Бродя, казалось, бесцельно, как праздношатающийся турист, Сергей при этом точно знал, куда идет. Ему просто нужно было как следует обдумать разговор, который ему предстоял.
Он шел к Арефьеву, чтобы уговорить – умолить его, если нужно, – оставить Лилю в покое, отпустить ее. Эти баснословно дорогие часы наполнили его сердце еще не знаемой ревностью. Герман снова начал свои подходцы… Он решил вернуть Лилю, в этом Сергей не сомневался, и сейчас он готов был поверить даже в то, что Арефьев ничуть не болен, а просто симулирует, желая разжалобить Лилю, ведь по-русски жалеть – значит любить…
Однако, когда Герман не сразу, с явным трудом открыл дверь, Сергей сразу понял, что о притворстве не может быть и речи. Герман изменился не просто сильно – страшно. Это в самом деле был полутруп…
– Я знаю, что ты любишь Лилю, – сказал Герман, не дожидаясь, когда разговор начнет потрясенный увиденным, растерявшийся Сергей. – Но она никуда не уедет.
– Тебе так приятно ее мучить? – мигом забыв о всяком сочувствии к умирающему, выкрикнул Сергей.
– Нет, – качнул головой Герман. – Я написал завещание. Несколько лет тому назад я удачно вложил деньги в трастовый фонд. Он неплохо заработал. Я тоже. Так что я сумею обеспечить и Лилю, и Аришу.
– Да! – ехидно усмехнулся Сергей. – Я видел часы. Они что, действительно стоят десять тысяч фунтов?
– Они стоят одиннадцать тысяч восемьсот фунтов, – равнодушно сообщил Арефьев. – Могу показать чек. Я оставлю им этот дом, который теперь принадлежит мне, все свои сбережения. Но…
Он запнулся, исподлобья взглянул на Сергея.
«Актер! – с ненавистью подумал тот. – Как всегда – актер! Какая эффектная пауза!»
Нет, Герман не просто так тянул паузу… казалось, он достает спрятанный острый нож – и готовится нанести внезапный удар.
– Но при одном условии: они должны остаться жить здесь, а не уезжать туда, в «совок».
Да… нож оказался острым, а удар внезапным!
– Ну и гнилой же ты тип! – Сергей вскочил, голос его прерывался в ярости. – Один раз в жизни хочешь сделать что-то хорошее, и то условие ставишь!

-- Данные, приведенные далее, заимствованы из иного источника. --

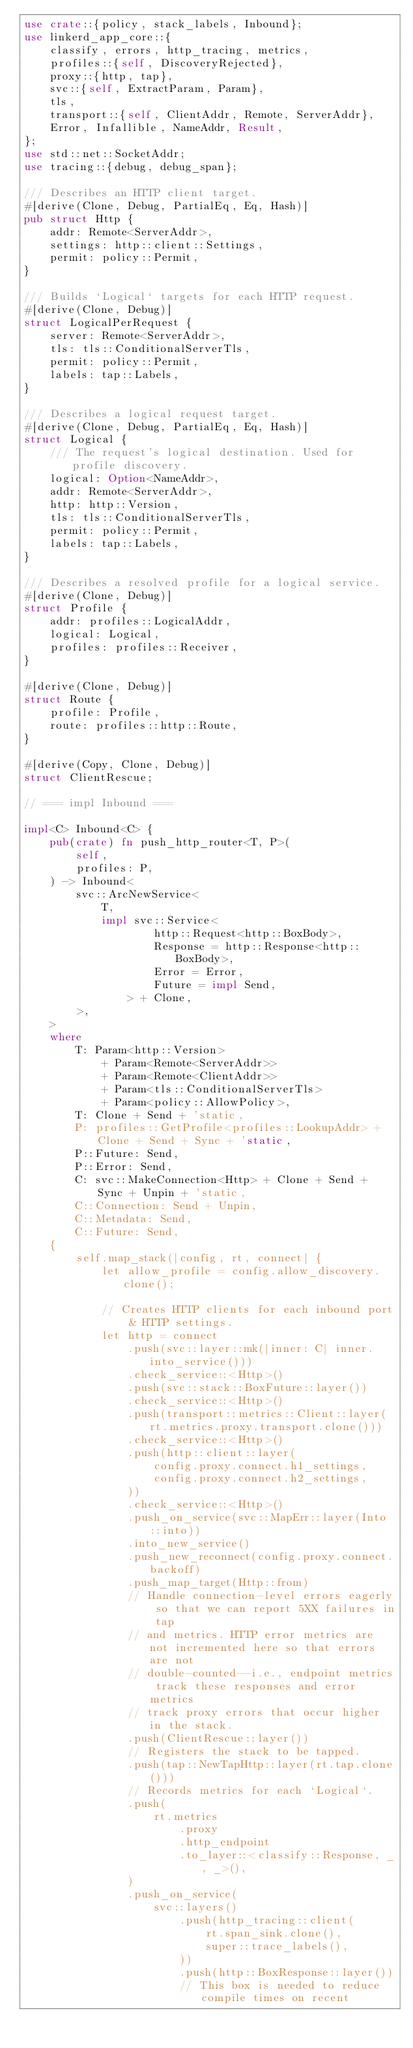<code> <loc_0><loc_0><loc_500><loc_500><_Rust_>use crate::{policy, stack_labels, Inbound};
use linkerd_app_core::{
    classify, errors, http_tracing, metrics,
    profiles::{self, DiscoveryRejected},
    proxy::{http, tap},
    svc::{self, ExtractParam, Param},
    tls,
    transport::{self, ClientAddr, Remote, ServerAddr},
    Error, Infallible, NameAddr, Result,
};
use std::net::SocketAddr;
use tracing::{debug, debug_span};

/// Describes an HTTP client target.
#[derive(Clone, Debug, PartialEq, Eq, Hash)]
pub struct Http {
    addr: Remote<ServerAddr>,
    settings: http::client::Settings,
    permit: policy::Permit,
}

/// Builds `Logical` targets for each HTTP request.
#[derive(Clone, Debug)]
struct LogicalPerRequest {
    server: Remote<ServerAddr>,
    tls: tls::ConditionalServerTls,
    permit: policy::Permit,
    labels: tap::Labels,
}

/// Describes a logical request target.
#[derive(Clone, Debug, PartialEq, Eq, Hash)]
struct Logical {
    /// The request's logical destination. Used for profile discovery.
    logical: Option<NameAddr>,
    addr: Remote<ServerAddr>,
    http: http::Version,
    tls: tls::ConditionalServerTls,
    permit: policy::Permit,
    labels: tap::Labels,
}

/// Describes a resolved profile for a logical service.
#[derive(Clone, Debug)]
struct Profile {
    addr: profiles::LogicalAddr,
    logical: Logical,
    profiles: profiles::Receiver,
}

#[derive(Clone, Debug)]
struct Route {
    profile: Profile,
    route: profiles::http::Route,
}

#[derive(Copy, Clone, Debug)]
struct ClientRescue;

// === impl Inbound ===

impl<C> Inbound<C> {
    pub(crate) fn push_http_router<T, P>(
        self,
        profiles: P,
    ) -> Inbound<
        svc::ArcNewService<
            T,
            impl svc::Service<
                    http::Request<http::BoxBody>,
                    Response = http::Response<http::BoxBody>,
                    Error = Error,
                    Future = impl Send,
                > + Clone,
        >,
    >
    where
        T: Param<http::Version>
            + Param<Remote<ServerAddr>>
            + Param<Remote<ClientAddr>>
            + Param<tls::ConditionalServerTls>
            + Param<policy::AllowPolicy>,
        T: Clone + Send + 'static,
        P: profiles::GetProfile<profiles::LookupAddr> + Clone + Send + Sync + 'static,
        P::Future: Send,
        P::Error: Send,
        C: svc::MakeConnection<Http> + Clone + Send + Sync + Unpin + 'static,
        C::Connection: Send + Unpin,
        C::Metadata: Send,
        C::Future: Send,
    {
        self.map_stack(|config, rt, connect| {
            let allow_profile = config.allow_discovery.clone();

            // Creates HTTP clients for each inbound port & HTTP settings.
            let http = connect
                .push(svc::layer::mk(|inner: C| inner.into_service()))
                .check_service::<Http>()
                .push(svc::stack::BoxFuture::layer())
                .check_service::<Http>()
                .push(transport::metrics::Client::layer(rt.metrics.proxy.transport.clone()))
                .check_service::<Http>()
                .push(http::client::layer(
                    config.proxy.connect.h1_settings,
                    config.proxy.connect.h2_settings,
                ))
                .check_service::<Http>()
                .push_on_service(svc::MapErr::layer(Into::into))
                .into_new_service()
                .push_new_reconnect(config.proxy.connect.backoff)
                .push_map_target(Http::from)
                // Handle connection-level errors eagerly so that we can report 5XX failures in tap
                // and metrics. HTTP error metrics are not incremented here so that errors are not
                // double-counted--i.e., endpoint metrics track these responses and error metrics
                // track proxy errors that occur higher in the stack.
                .push(ClientRescue::layer())
                // Registers the stack to be tapped.
                .push(tap::NewTapHttp::layer(rt.tap.clone()))
                // Records metrics for each `Logical`.
                .push(
                    rt.metrics
                        .proxy
                        .http_endpoint
                        .to_layer::<classify::Response, _, _>(),
                )
                .push_on_service(
                    svc::layers()
                        .push(http_tracing::client(
                            rt.span_sink.clone(),
                            super::trace_labels(),
                        ))
                        .push(http::BoxResponse::layer())
                        // This box is needed to reduce compile times on recent</code> 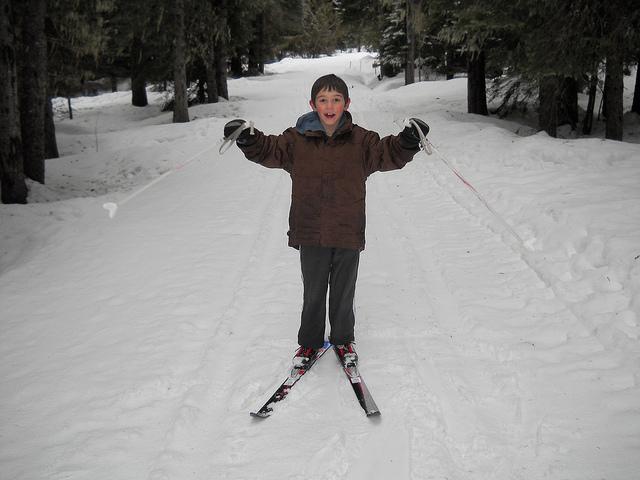How many ski poles are stuck into the snow?
Answer briefly. 0. Is the person moving?
Short answer required. No. What is the kid doing?
Write a very short answer. Skiing. 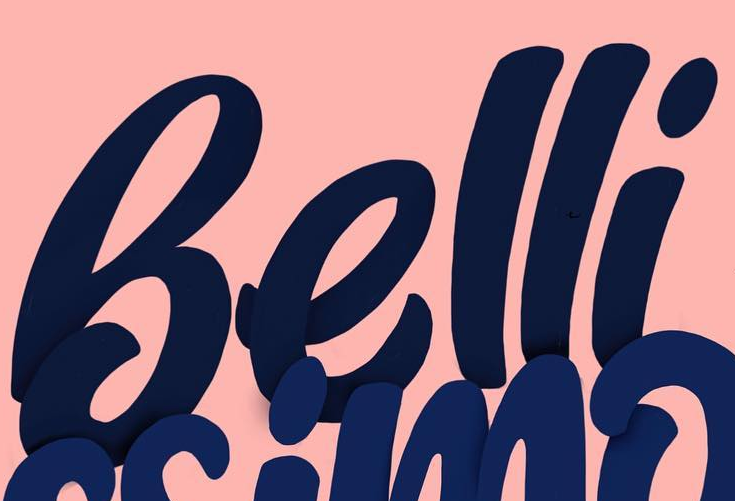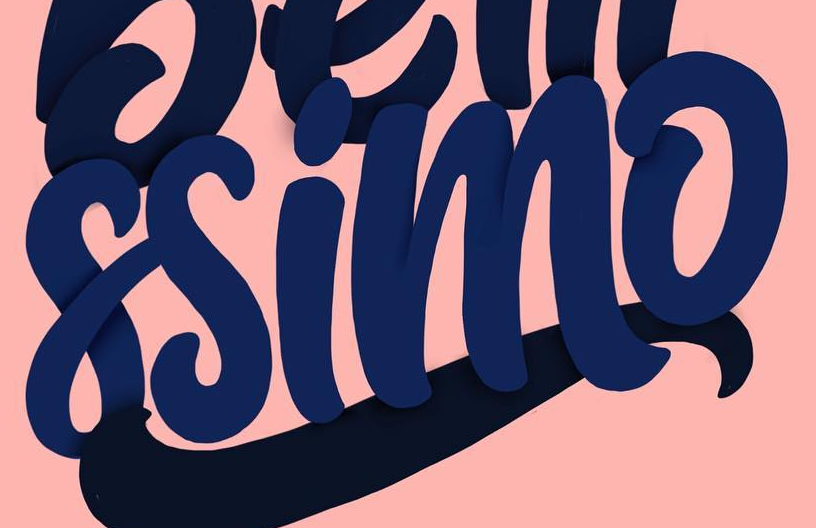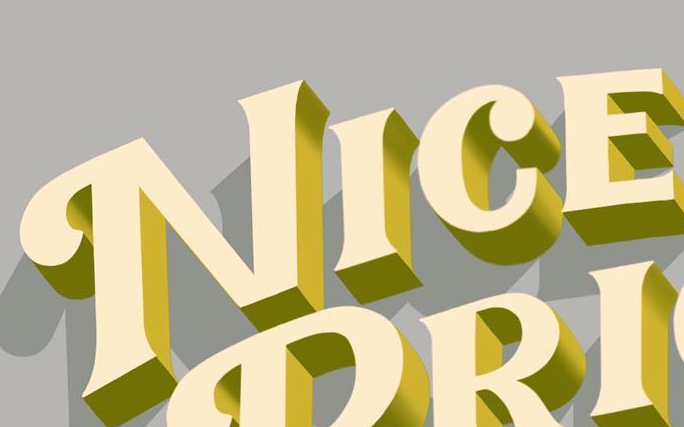Transcribe the words shown in these images in order, separated by a semicolon. Belli; ssimo; NICE 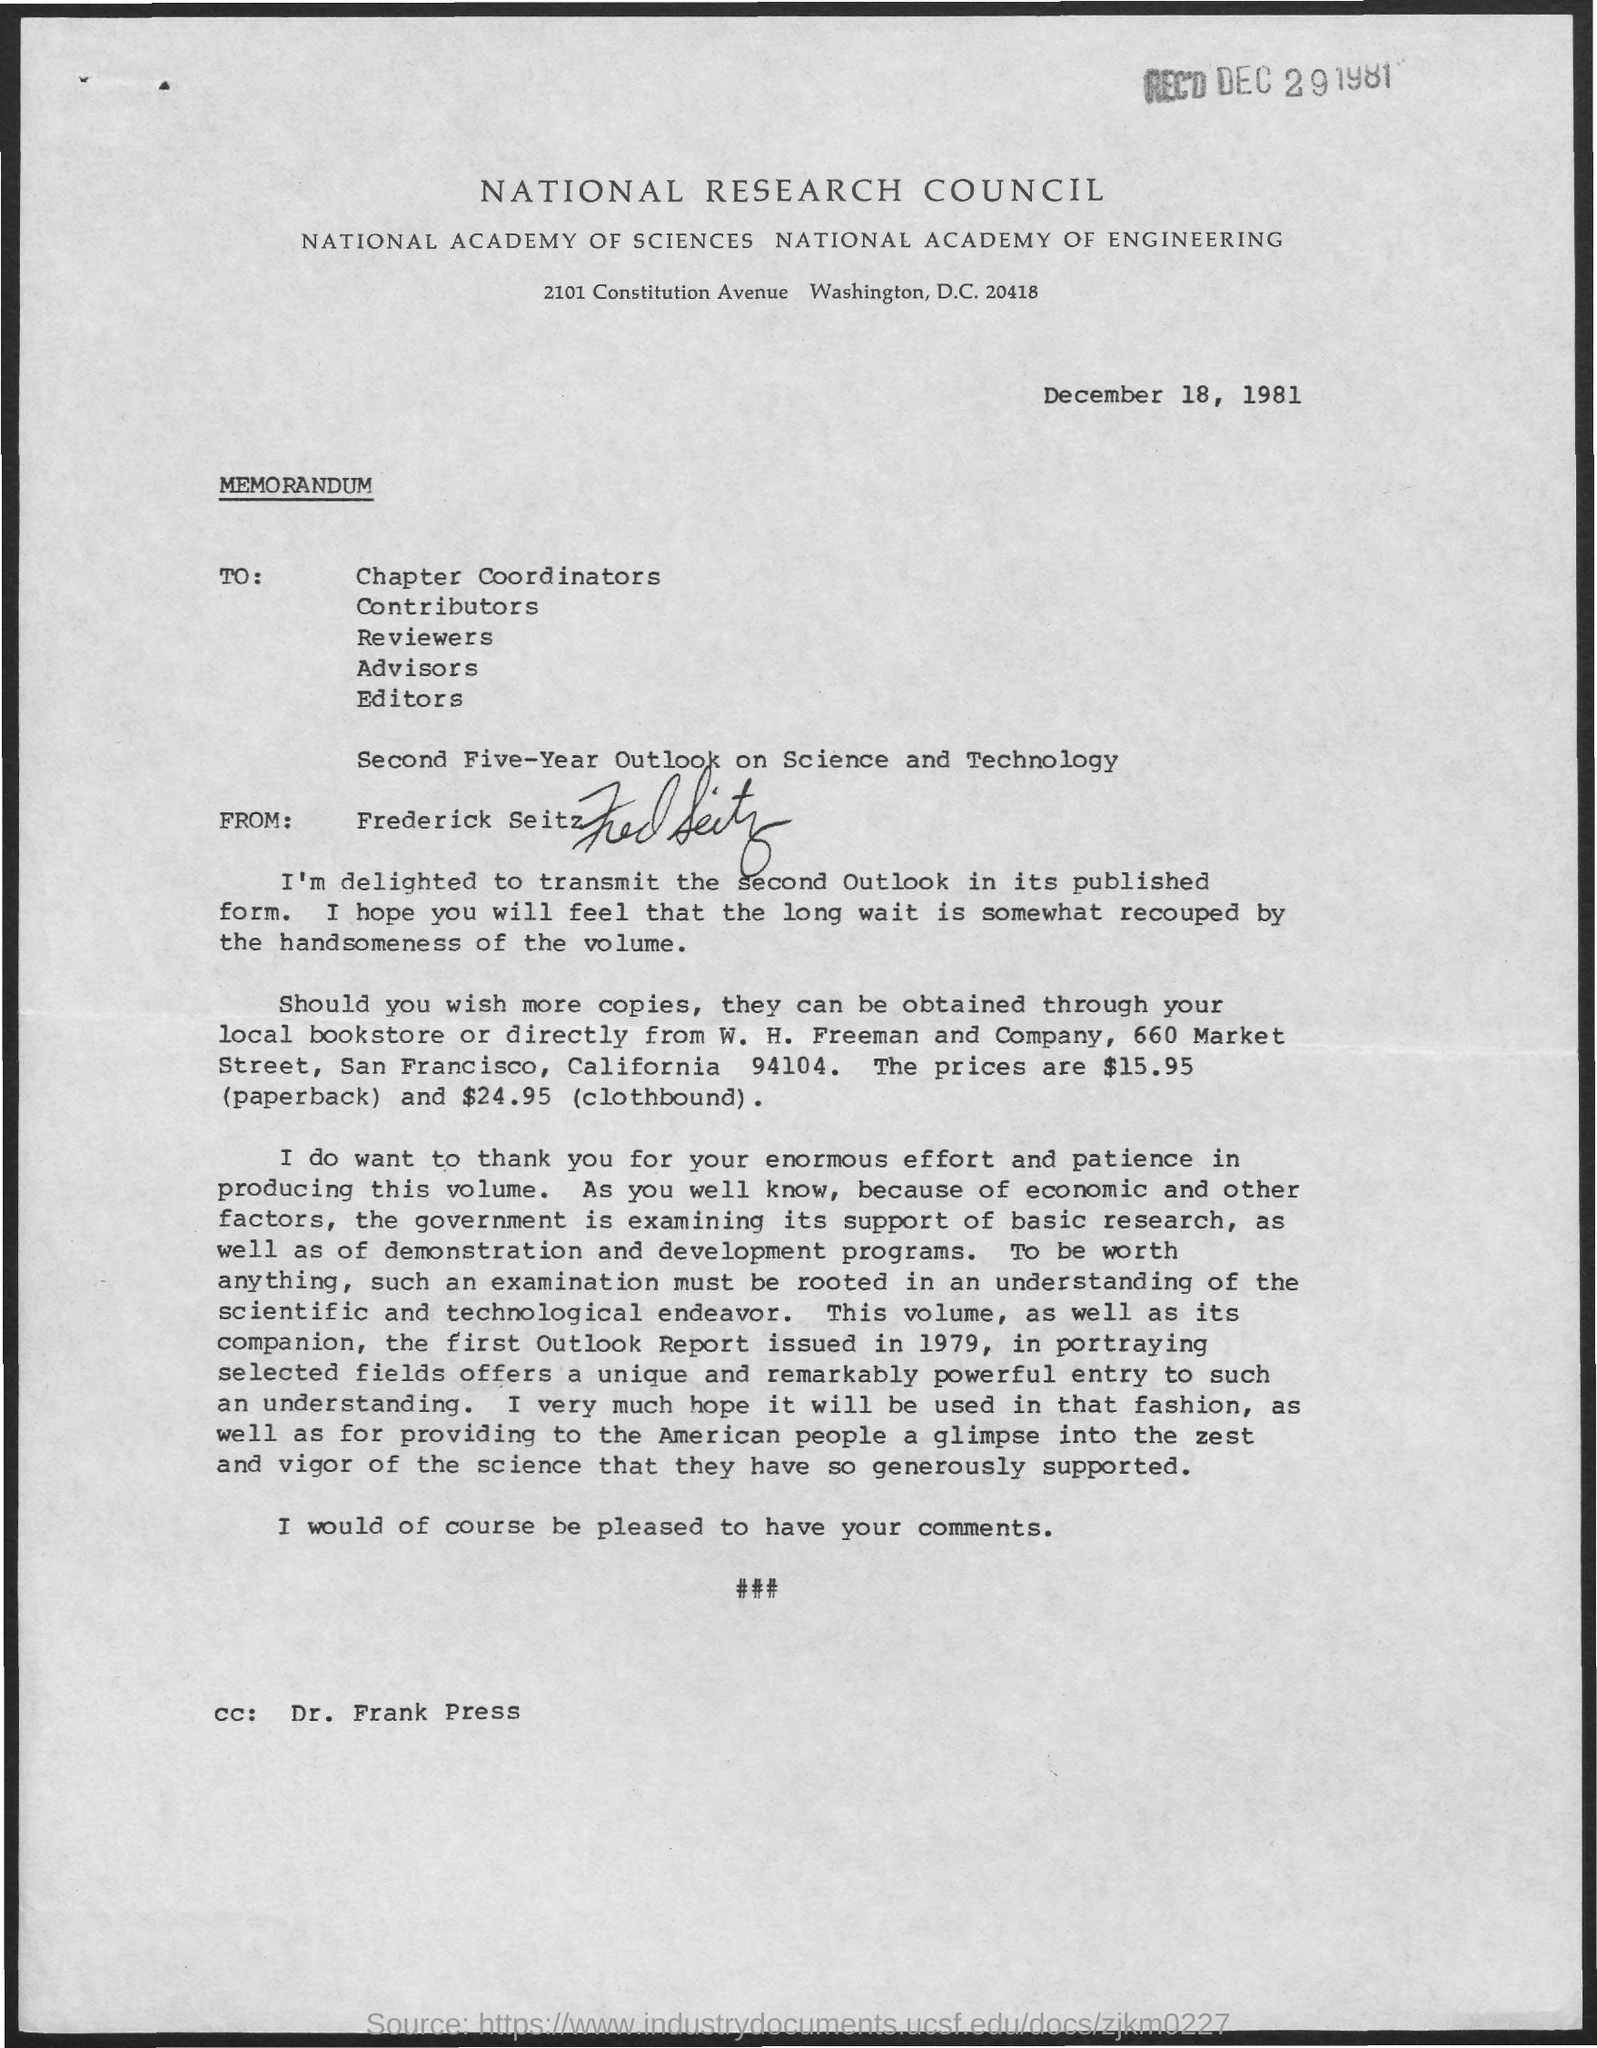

Он ходил по комнате, как заведенный, только теперь замечая, как здесь все изменилось. Сергей помнил богемное, неустроенное жилье – теперь на всем лежал отпечаток прочного дохода. Герман не врет, он стал богат. Сделан дорогой ремонт. Кругом антикварные вещи. Другая мебель, все другое. Только портрет Лили на стене – тот же… И гнусная натура Германа – та же!